AA Summer DLAB 2017
24 July – 11 August 2017
Summer DLAB 2017 explores the themes of generative design, material computation, and large-scale fabrication and assembly technologies. Our task has been the design and production of a 1:1 scale structure in the outdoor area of AA London. This task was investigated by focusing on a combination of structural, morphological, and contextual factors which our design intervention was expected to respond in order to differentiate its material and geometrical organisation.

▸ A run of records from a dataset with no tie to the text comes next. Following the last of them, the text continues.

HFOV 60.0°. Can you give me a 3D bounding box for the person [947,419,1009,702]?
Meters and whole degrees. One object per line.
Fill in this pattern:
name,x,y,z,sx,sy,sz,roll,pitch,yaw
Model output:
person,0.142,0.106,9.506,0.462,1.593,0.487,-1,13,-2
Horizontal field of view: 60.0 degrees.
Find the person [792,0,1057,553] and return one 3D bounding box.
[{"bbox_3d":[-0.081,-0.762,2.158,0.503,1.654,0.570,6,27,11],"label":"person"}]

The digital era in architecture has witnessed the production of a vast array of geometrical assemblies through computational form-finding methods in previous decades. With the developments in digital fabrication, the production and assembly of complex forms has been compromised by the constraints of selected fabrication techniques. In recent years, robotics implemented in architecture have begun to incorporate digital and physical paradigms in an unparalleled way due to the multi-axis freedom of an industrial robot arm, its speed, precision, and low tolerances (Menges, 2013). This development in turn has fuelled the revival of complexity found in volumetric assemblies, moving away from previous standardized / sheet-material component fabrication (McGee et. al., 2013).

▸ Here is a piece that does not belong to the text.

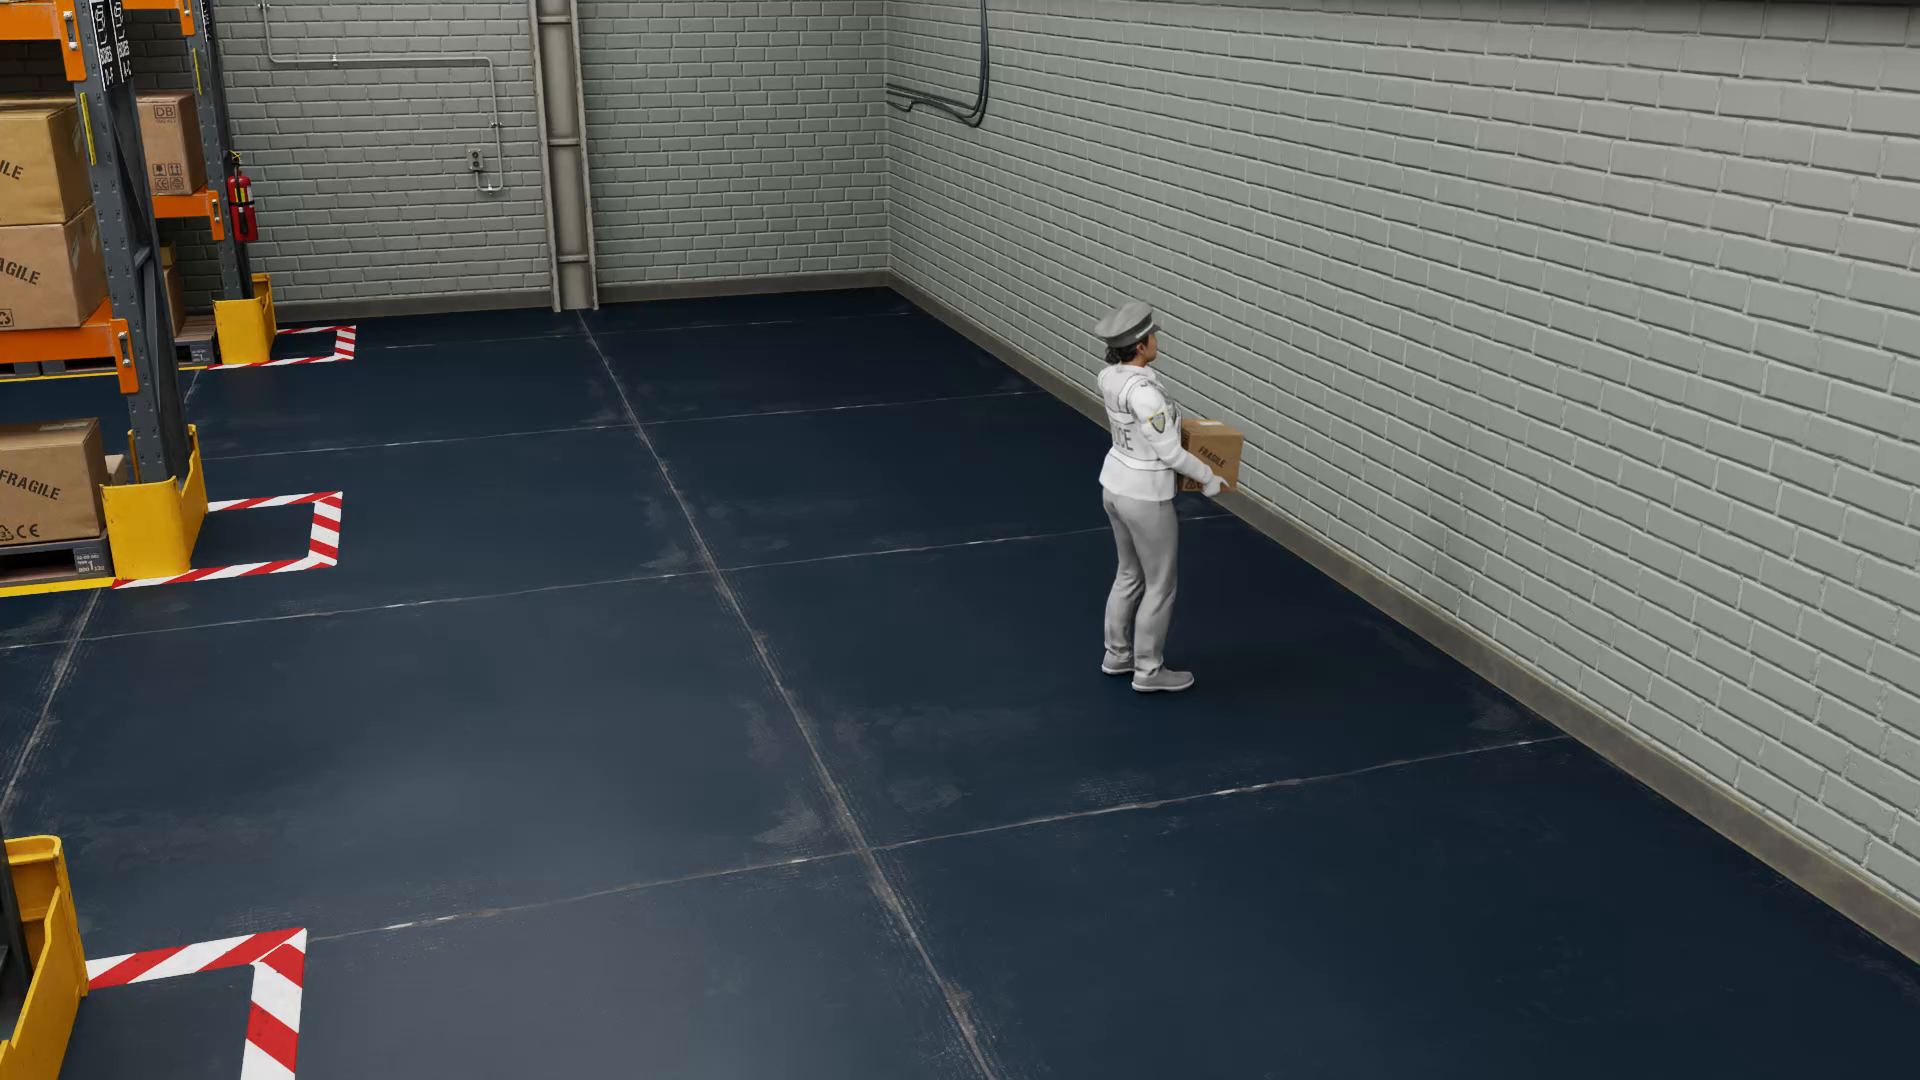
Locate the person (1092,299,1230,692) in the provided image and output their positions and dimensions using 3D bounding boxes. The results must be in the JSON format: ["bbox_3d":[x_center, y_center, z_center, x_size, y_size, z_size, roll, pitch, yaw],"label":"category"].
[{"bbox_3d":[0.826,-0.185,7.054,0.555,1.687,0.456,-6,20,-17],"label":"person"}]

Incremental sheet forming is a traditional sheet forming technique whereby a sheet is formed into its final shape through a series of incremental deformations. The forming tool can be attached to a CNC machine or a robotic arm, eliminating the requirement for a die as in traditional sheet forming. Robotic incremental sheet forming opens up new opportunities in the design and fabrication of component-based aggregations that can be facilitated for cladding purposes or spatial enclosures. The versatility, multi-axis freedom, precision, and adaptable programmability of a generic robotic arm introduces new approaches and techniques to the incremental sheet forming process (Kalo, A., Newsum, M.J., 2014). By the careful correlation of form-finding techniques and various analysis methods, structural, environmental, and other critical performative properties can be articulated via robotic incremental sheet forming.